Gute Nacht

Gute Nacht

Auf der Rückfahrt zum Hotel redete Christiane ununterbrochen auf mich ein: »Kommen wir morgen wieder zusammen zum Elsterbecken? Bitte, du musst morgen wieder mit mir kommen!« Ich schwieg. »Als das Lied I Promised Myself im Radio lief, hat Constanze gesagt: Mein Mann muss das unbedingt hören. Vielleicht bringt sie ihn das nächste Mal mit?« Ich konnte mich nicht nur nicht erinnern, dass sie das gesagt hatte, sondern war mir sogar sicher, dass sie das nicht gesagt hatte. Ebenso hatte sie nicht gesagt, dass sie Constanze heiße. All das bildete Christiane sich ein. Und überhaupt: Die Frau hatte einen westdeutschen Akzent gehabt, klang eher nach Düsseldorf oder Köln, was niemals auf Constanze Mozart zutreffen konnte.

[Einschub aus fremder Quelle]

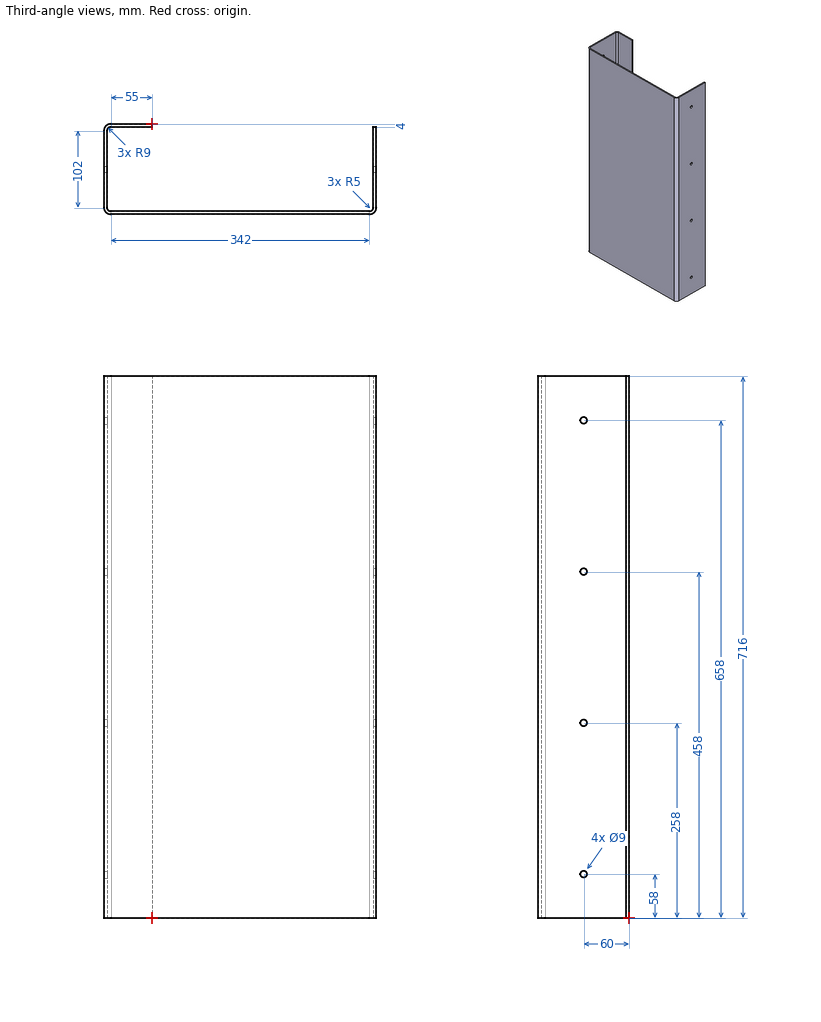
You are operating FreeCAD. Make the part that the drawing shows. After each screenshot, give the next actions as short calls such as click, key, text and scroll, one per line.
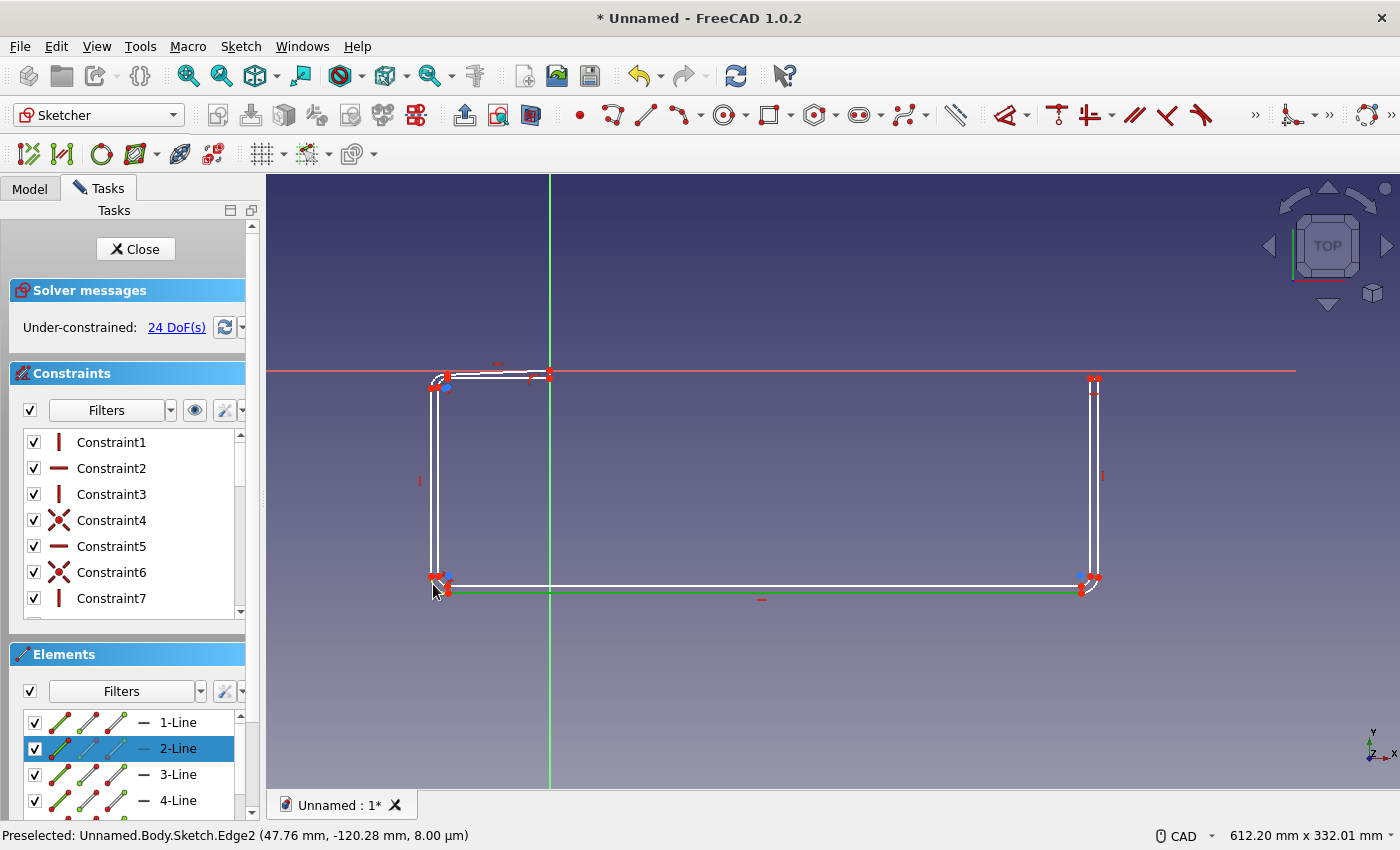
scroll(1088, 591, up, 4)

»Fahren wir morgen wieder hin?«, fragte Christiane. »Ich kann nicht. Ich muss mit dem Professor nach Dresden«, antwortete ich. »Wie viele Stationen habt ihr noch?«, fragte sie weiter. Es waren wirklich nur mehr zwei. Ich antwortete nicht. »Wenn ihr fertig seid, kommst du nach Leipzig und wir fahren wieder hinaus. O.k.?«

Ich fragte mich, ob es Protschka gelungen war, durch mich den Geist von Constanze Mozart in die arme Frau neben mir auf dem Beifahrersitz fahren zu lassen oder eine Art von Besessenheit auszulösen. Nicht auszudenken, wenn er das auch mit László Tóth vorhatte, der sicher noch heftiger darunter leiden würde.

»Du musst kommen«, sagte Christiane. »Wenn du Stephan Protschka bist, dann willst du Mozart sehen, Mozart in Fleisch und Blut. Und wenn du nicht Stephan Protschka bist und du kommst nicht zurück, dann mache ich morgen früh Kopien von euren Pässen und das Leipziger Publikum wird erfahren, dass es von euch betrogen wurde.«

Die Straßen waren bereits leer. Schnell erreichten wir das Hotel. Christiane kam auf mich zu. Sie ließ sich nach vorne fallen und senkte den Kopf, sodass sie damit gegen meinen Brustkorb stieß. »Darf ich bei dir im Zimmer übernachten?«, fragte sie. Ich blickte auf meine Armbanduhr. Das muss sie sehr erzürnt haben. Plötzlich war sie hellwach. »Du Arschloch«, sagte sie und ging davon. Nach einigen Schritten drehte sie sich nochmals um und rief: »Und du bist Stephan Protschka!« Ich betrat das Hotel und war froh, dass ich Christiane losgeworden war. Erst später bereute ich es.